◆ Your objective
Nothing but the line with "materials: paper" and the lines after it should appear, each retyped exactly as in the listing.

↓

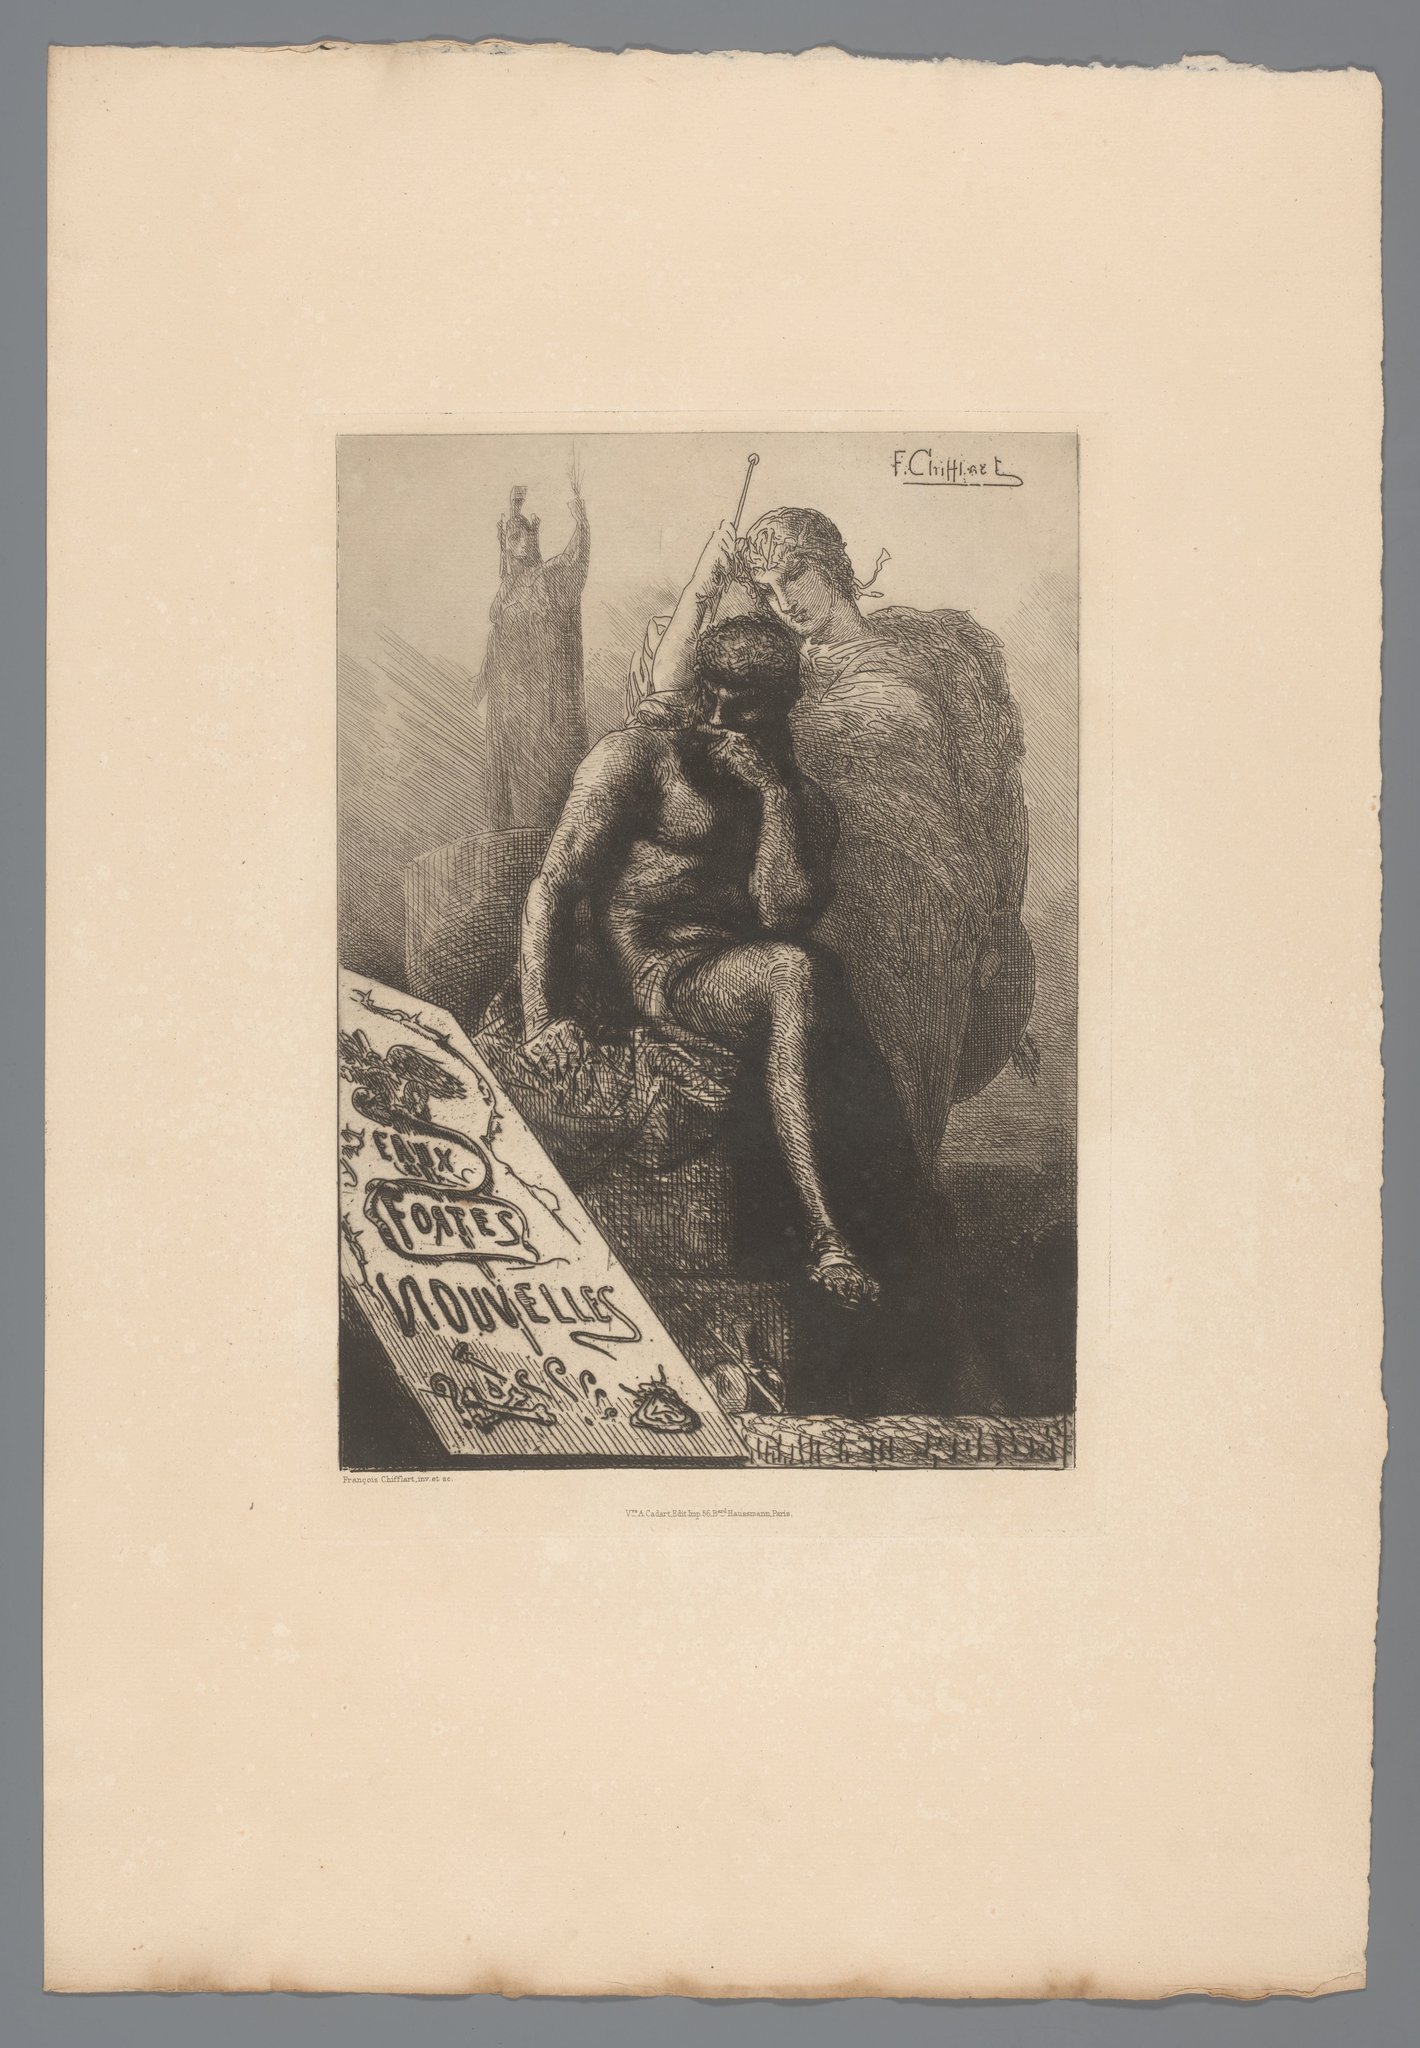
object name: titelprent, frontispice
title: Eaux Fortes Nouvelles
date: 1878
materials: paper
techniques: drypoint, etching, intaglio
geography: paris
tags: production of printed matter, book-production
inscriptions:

↑

◆ Expected output
materials: paper
techniques: drypoint, etching, intaglio
geography: paris
tags: production of printed matter, book-production
inscriptions:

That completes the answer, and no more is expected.